BEGIN TASK INPUT
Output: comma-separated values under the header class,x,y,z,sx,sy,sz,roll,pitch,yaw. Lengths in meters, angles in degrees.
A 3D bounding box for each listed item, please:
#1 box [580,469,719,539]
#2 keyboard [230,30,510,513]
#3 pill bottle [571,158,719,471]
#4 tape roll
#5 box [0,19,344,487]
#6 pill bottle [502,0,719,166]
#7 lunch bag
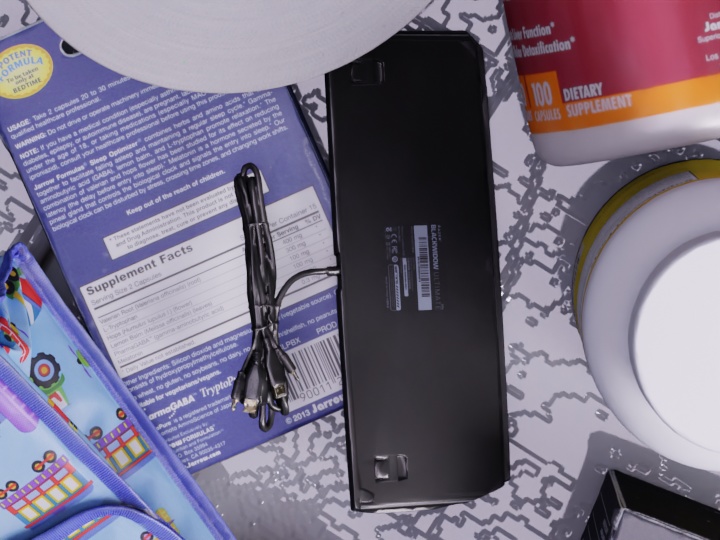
END TASK INPUT
DIRECTIONS:
Starting from the records above, filter out all lines except those containing the word "pill".

YOUR SOLUTION:
#3 pill bottle [571,158,719,471]
#6 pill bottle [502,0,719,166]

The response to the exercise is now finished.